The 104-bed Department of Correction unit nearly doubled in cost, with its price tag climbing from $130 million to $241 million. That works out to more than $2 million per bed — a figure that reflects both the complexity of building a medical facility inside a historic hospital campus and the cost of years of delayed construction.

The project was substantially completed in January 2025 but did not open for 14 months. Staffing was the final obstacle: the Department of Correction needed to hire roughly 130 to 140 positions to operate the facility as a standalone unit. Mamdani revealed that more than 400 applications were submitted for those positions — a signal that corrections officers are interested in working in the new therapeutic environment.

What Closes as Bellevue Opens

The Bellevue unit’s opening triggers a significant change on Rikers itself. The mayor said roughly 100 incarcerated people would begin moving into the Bellevue unit on Wednesday, a shift he said would allow the city to close the North Infirmary Command on Rikers and transfer it to the Department of Citywide Administrative Services in June.

The infirmary on Rikers Island — a converted garage once used to repair Department of Correction vehicles — is set to close after decades in operation. The North Infirmary Command, built in 1932, is the oldest medical facility on the island. Its closure ends a chapter of jail medicine that was defined by its physical limitations as much as by its institutional failures.

The Mamdani administration will also open additional Outposted Therapeutic Housing Units at NYC Health + Hospitals/Woodhull and North Central Bronx, with 144 and 92 beds respectively. Those sites will primarily serve patients with significant mental health needs, further expanding access to care and advancing the city’s plan to close Rikers Island.

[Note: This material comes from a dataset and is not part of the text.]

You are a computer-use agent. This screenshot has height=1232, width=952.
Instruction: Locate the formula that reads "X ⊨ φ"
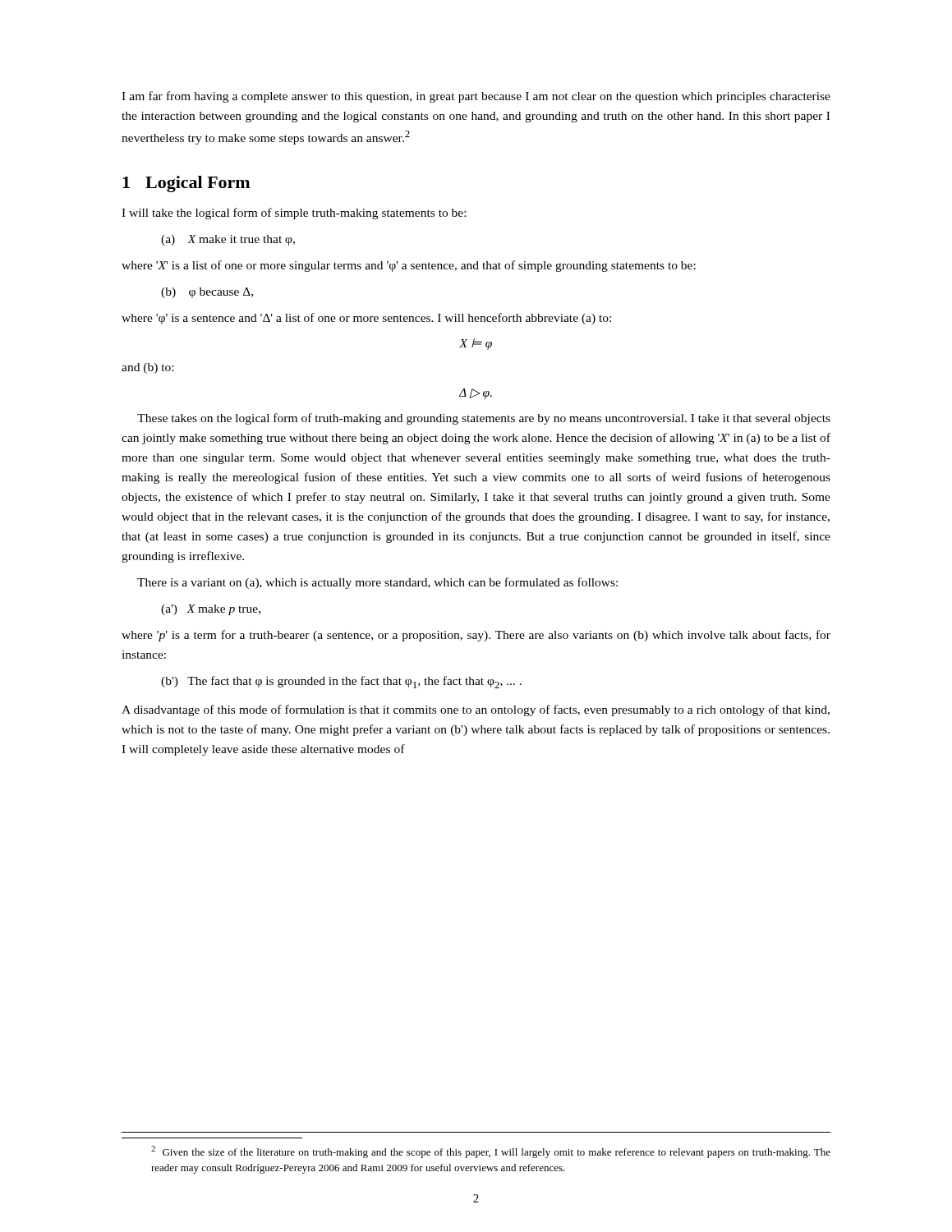pos(476,343)
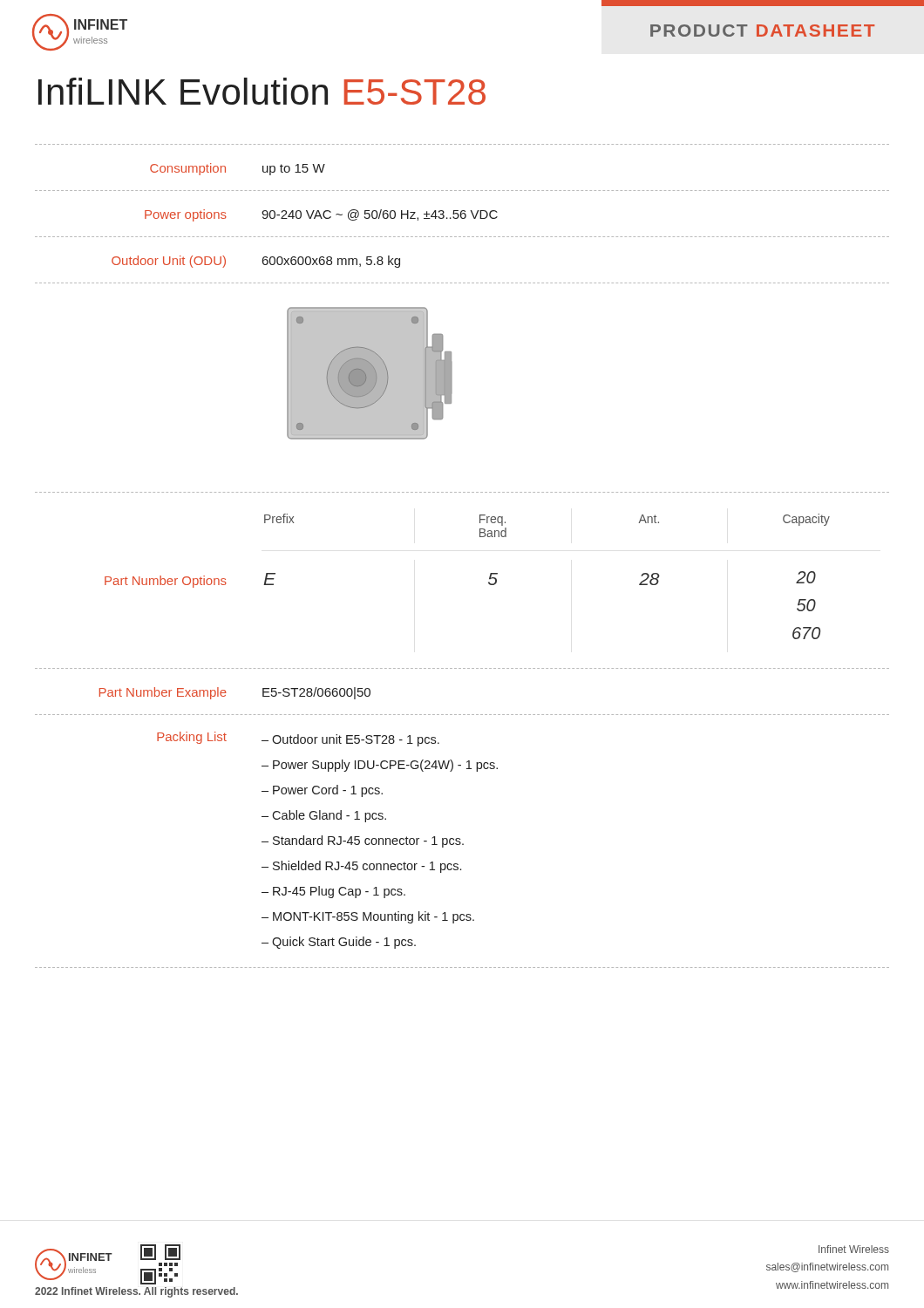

The 2027 Deadline and What It Means

Mamdani was direct about the gap between where the city is and where it needs to be. He acknowledged how far the city remains from the original timetable for shutting Rikers, saying the previous administration’s inaction has made the 2027 deadline “practically impossible” to meet and that fulfilling the city council’s 2019 vote would require “a whole of government approach.”

The legal deadline of August 31, 2027 was set by the city council when it approved the borough-based jail plan — a system that would replace Rikers with four smaller facilities, one in each of the four most populous boroughs. That plan has faced its own delays, cost increases, and community opposition. The Bellevue unit does not resolve those challenges, but it demonstrates a model of decarceration that city officials can point to as functional and operational.

The Bellevue site represents a fundamental shift in how New York City delivers care to incarcerated people — moving away from a system defined by delays toward one rooted in dignity, access and prevention, according to the administration’s press release. Whether that shift can scale fast enough to meet an August 2027 deadline remains the central question for everyone watching.

Disclaimer: This article is for informational purposes only. Medical and legal information referenced reflects publicly available government announcements and news reporting.